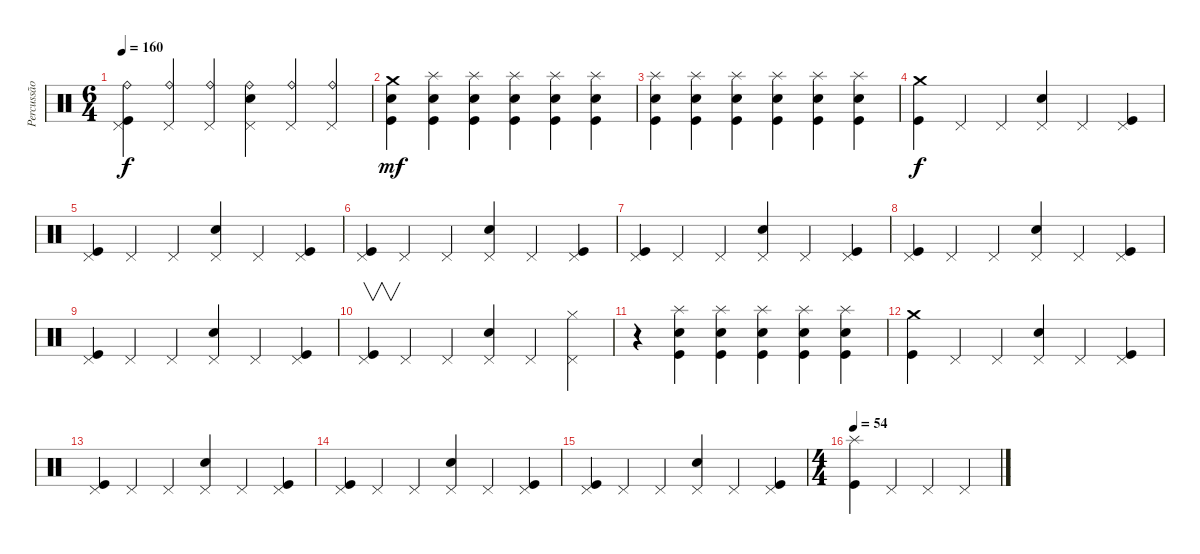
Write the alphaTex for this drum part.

\track ("Percussão" "Percussão") {instrument percussion}
\staff {score}
\articulation defaults
\ts (6 4)
\tempo 160
\clef neutral
\ks c
("Ride (bell)" "Pedal Hi-Hat (hit)" "Kick (hit)").4{dy f} ("Ride (bell)" "Pedal Hi-Hat (hit)").4 ("Ride (bell)" "Pedal Hi-Hat (hit)").4 ("Ride (bell)" "Pedal Hi-Hat (hit)" "Snare (hit) 2").4 ("Ride (bell)" "Pedal Hi-Hat (hit)").4 ("Ride (bell)" "Pedal Hi-Hat (hit)").4 |
("Crash medium (hit)" "Snare (hit) 2" "Kick (hit)").4{dy mf} ("Splash (hit)" "Snare (hit) 2" "Kick (hit)").4 ("Splash (hit)" "Snare (hit) 2" "Kick (hit)").4 ("Splash (hit)" "Snare (hit) 2" "Kick (hit)").4 ("Splash (hit)" "Snare (hit) 2" "Kick (hit)").4 ("Splash (hit)" "Snare (hit) 2" "Kick (hit)").4 |
("Splash (hit)" "Snare (hit) 2" "Kick (hit)").4 ("Splash (hit)" "Snare (hit) 2" "Kick (hit)").4 ("Splash (hit)" "Snare (hit) 2" "Kick (hit)").4 ("Splash (hit)" "Snare (hit) 2" "Kick (hit)").4 ("Splash (hit)" "Snare (hit) 2" "Kick (hit)").4 ("Splash (hit)" "Snare (hit) 2" "Kick (hit)").4 |
("Crash medium (hit)" "Kick (hit)").4{dy f} "Pedal Hi-Hat (hit)".4 "Pedal Hi-Hat (hit)".4 ("Pedal Hi-Hat (hit)" "Snare (hit) 2").4 "Pedal Hi-Hat (hit)".4 ("Pedal Hi-Hat (hit)" "Kick (hit)").4 |
("Pedal Hi-Hat (hit)" "Kick (hit)").4 "Pedal Hi-Hat (hit)".4 "Pedal Hi-Hat (hit)".4 ("Pedal Hi-Hat (hit)" "Snare (hit) 2").4 "Pedal Hi-Hat (hit)".4 ("Pedal Hi-Hat (hit)" "Kick (hit)").4 |
("Pedal Hi-Hat (hit)" "Kick (hit)").4 "Pedal Hi-Hat (hit)".4 "Pedal Hi-Hat (hit)".4 ("Pedal Hi-Hat (hit)" "Snare (hit) 2").4 "Pedal Hi-Hat (hit)".4 ("Pedal Hi-Hat (hit)" "Kick (hit)").4 |
("Pedal Hi-Hat (hit)" "Kick (hit)").4 "Pedal Hi-Hat (hit)".4 "Pedal Hi-Hat (hit)".4 ("Pedal Hi-Hat (hit)" "Snare (hit) 2").4 "Pedal Hi-Hat (hit)".4 ("Pedal Hi-Hat (hit)" "Kick (hit)").4 |
("Pedal Hi-Hat (hit)" "Kick (hit)").4 "Pedal Hi-Hat (hit)".4 "Pedal Hi-Hat (hit)".4 ("Pedal Hi-Hat (hit)" "Snare (hit) 2").4 "Pedal Hi-Hat (hit)".4 ("Pedal Hi-Hat (hit)" "Kick (hit)").4 |
("Pedal Hi-Hat (hit)" "Kick (hit)").4 "Pedal Hi-Hat (hit)".4 "Pedal Hi-Hat (hit)".4 ("Pedal Hi-Hat (hit)" "Snare (hit) 2").4 "Pedal Hi-Hat (hit)".4 ("Pedal Hi-Hat (hit)" "Kick (hit)").4 |
("Pedal Hi-Hat (hit)" "Kick (hit)").4{v} "Pedal Hi-Hat (hit)".4 "Pedal Hi-Hat (hit)".4 ("Pedal Hi-Hat (hit)" "Snare (hit) 2").4 "Pedal Hi-Hat (hit)".4 ("Pedal Hi-Hat (hit)" "Hi-Hat (closed)").4 |
r.4 ("Splash (hit)" "Snare (hit) 2" "Kick (hit)").4 ("Splash (hit)" "Snare (hit) 2" "Kick (hit)").4 ("Splash (hit)" "Snare (hit) 2" "Kick (hit)").4 ("Splash (hit)" "Snare (hit) 2" "Kick (hit)").4 ("Splash (hit)" "Snare (hit) 2" "Kick (hit)").4 |
("Crash medium (hit)" "Kick (hit)").4 "Pedal Hi-Hat (hit)".4 "Pedal Hi-Hat (hit)".4 ("Pedal Hi-Hat (hit)" "Snare (hit) 2").4 "Pedal Hi-Hat (hit)".4 ("Pedal Hi-Hat (hit)" "Kick (hit)").4 |
("Pedal Hi-Hat (hit)" "Kick (hit)").4 "Pedal Hi-Hat (hit)".4 "Pedal Hi-Hat (hit)".4 ("Pedal Hi-Hat (hit)" "Snare (hit) 2").4 "Pedal Hi-Hat (hit)".4 ("Pedal Hi-Hat (hit)" "Kick (hit)").4 |
("Pedal Hi-Hat (hit)" "Kick (hit)").4 "Pedal Hi-Hat (hit)".4 "Pedal Hi-Hat (hit)".4 ("Pedal Hi-Hat (hit)" "Snare (hit) 2").4 "Pedal Hi-Hat (hit)".4 ("Pedal Hi-Hat (hit)" "Kick (hit)").4 |
("Pedal Hi-Hat (hit)" "Kick (hit)").4 "Pedal Hi-Hat (hit)".4 "Pedal Hi-Hat (hit)".4 ("Pedal Hi-Hat (hit)" "Snare (hit) 2").4 "Pedal Hi-Hat (hit)".4 ("Pedal Hi-Hat (hit)" "Kick (hit)").4 |
\ts (4 4)
\tempo 54
("Splash (hit)" "Kick (hit)").4 "Pedal Hi-Hat (hit)".4 "Pedal Hi-Hat (hit)".4 "Pedal Hi-Hat (hit)".4

-------

**Activity:** Exclude all images and retype the data precisely.

**Task output:**
Write the alphaTex for this drum part.

\track ("Percussão" "Percussão") {instrument percussion}
\staff {score}
\articulation defaults
\ts (6 4)
\tempo 160
\clef neutral
\ks c
("Ride (bell)" "Pedal Hi-Hat (hit)" "Kick (hit)").4{dy f} ("Ride (bell)" "Pedal Hi-Hat (hit)").4 ("Ride (bell)" "Pedal Hi-Hat (hit)").4 ("Ride (bell)" "Pedal Hi-Hat (hit)" "Snare (hit) 2").4 ("Ride (bell)" "Pedal Hi-Hat (hit)").4 ("Ride (bell)" "Pedal Hi-Hat (hit)").4 |
("Crash medium (hit)" "Snare (hit) 2" "Kick (hit)").4{dy mf} ("Splash (hit)" "Snare (hit) 2" "Kick (hit)").4 ("Splash (hit)" "Snare (hit) 2" "Kick (hit)").4 ("Splash (hit)" "Snare (hit) 2" "Kick (hit)").4 ("Splash (hit)" "Snare (hit) 2" "Kick (hit)").4 ("Splash (hit)" "Snare (hit) 2" "Kick (hit)").4 |
("Splash (hit)" "Snare (hit) 2" "Kick (hit)").4 ("Splash (hit)" "Snare (hit) 2" "Kick (hit)").4 ("Splash (hit)" "Snare (hit) 2" "Kick (hit)").4 ("Splash (hit)" "Snare (hit) 2" "Kick (hit)").4 ("Splash (hit)" "Snare (hit) 2" "Kick (hit)").4 ("Splash (hit)" "Snare (hit) 2" "Kick (hit)").4 |
("Crash medium (hit)" "Kick (hit)").4{dy f} "Pedal Hi-Hat (hit)".4 "Pedal Hi-Hat (hit)".4 ("Pedal Hi-Hat (hit)" "Snare (hit) 2").4 "Pedal Hi-Hat (hit)".4 ("Pedal Hi-Hat (hit)" "Kick (hit)").4 |
("Pedal Hi-Hat (hit)" "Kick (hit)").4 "Pedal Hi-Hat (hit)".4 "Pedal Hi-Hat (hit)".4 ("Pedal Hi-Hat (hit)" "Snare (hit) 2").4 "Pedal Hi-Hat (hit)".4 ("Pedal Hi-Hat (hit)" "Kick (hit)").4 |
("Pedal Hi-Hat (hit)" "Kick (hit)").4 "Pedal Hi-Hat (hit)".4 "Pedal Hi-Hat (hit)".4 ("Pedal Hi-Hat (hit)" "Snare (hit) 2").4 "Pedal Hi-Hat (hit)".4 ("Pedal Hi-Hat (hit)" "Kick (hit)").4 |
("Pedal Hi-Hat (hit)" "Kick (hit)").4 "Pedal Hi-Hat (hit)".4 "Pedal Hi-Hat (hit)".4 ("Pedal Hi-Hat (hit)" "Snare (hit) 2").4 "Pedal Hi-Hat (hit)".4 ("Pedal Hi-Hat (hit)" "Kick (hit)").4 |
("Pedal Hi-Hat (hit)" "Kick (hit)").4 "Pedal Hi-Hat (hit)".4 "Pedal Hi-Hat (hit)".4 ("Pedal Hi-Hat (hit)" "Snare (hit) 2").4 "Pedal Hi-Hat (hit)".4 ("Pedal Hi-Hat (hit)" "Kick (hit)").4 |
("Pedal Hi-Hat (hit)" "Kick (hit)").4 "Pedal Hi-Hat (hit)".4 "Pedal Hi-Hat (hit)".4 ("Pedal Hi-Hat (hit)" "Snare (hit) 2").4 "Pedal Hi-Hat (hit)".4 ("Pedal Hi-Hat (hit)" "Kick (hit)").4 |
("Pedal Hi-Hat (hit)" "Kick (hit)").4{v} "Pedal Hi-Hat (hit)".4 "Pedal Hi-Hat (hit)".4 ("Pedal Hi-Hat (hit)" "Snare (hit) 2").4 "Pedal Hi-Hat (hit)".4 ("Pedal Hi-Hat (hit)" "Hi-Hat (closed)").4 |
r.4 ("Splash (hit)" "Snare (hit) 2" "Kick (hit)").4 ("Splash (hit)" "Snare (hit) 2" "Kick (hit)").4 ("Splash (hit)" "Snare (hit) 2" "Kick (hit)").4 ("Splash (hit)" "Snare (hit) 2" "Kick (hit)").4 ("Splash (hit)" "Snare (hit) 2" "Kick (hit)").4 |
("Crash medium (hit)" "Kick (hit)").4 "Pedal Hi-Hat (hit)".4 "Pedal Hi-Hat (hit)".4 ("Pedal Hi-Hat (hit)" "Snare (hit) 2").4 "Pedal Hi-Hat (hit)".4 ("Pedal Hi-Hat (hit)" "Kick (hit)").4 |
("Pedal Hi-Hat (hit)" "Kick (hit)").4 "Pedal Hi-Hat (hit)".4 "Pedal Hi-Hat (hit)".4 ("Pedal Hi-Hat (hit)" "Snare (hit) 2").4 "Pedal Hi-Hat (hit)".4 ("Pedal Hi-Hat (hit)" "Kick (hit)").4 |
("Pedal Hi-Hat (hit)" "Kick (hit)").4 "Pedal Hi-Hat (hit)".4 "Pedal Hi-Hat (hit)".4 ("Pedal Hi-Hat (hit)" "Snare (hit) 2").4 "Pedal Hi-Hat (hit)".4 ("Pedal Hi-Hat (hit)" "Kick (hit)").4 |
("Pedal Hi-Hat (hit)" "Kick (hit)").4 "Pedal Hi-Hat (hit)".4 "Pedal Hi-Hat (hit)".4 ("Pedal Hi-Hat (hit)" "Snare (hit) 2").4 "Pedal Hi-Hat (hit)".4 ("Pedal Hi-Hat (hit)" "Kick (hit)").4 |
\ts (4 4)
\tempo 54
("Splash (hit)" "Kick (hit)").4 "Pedal Hi-Hat (hit)".4 "Pedal Hi-Hat (hit)".4 "Pedal Hi-Hat (hit)".4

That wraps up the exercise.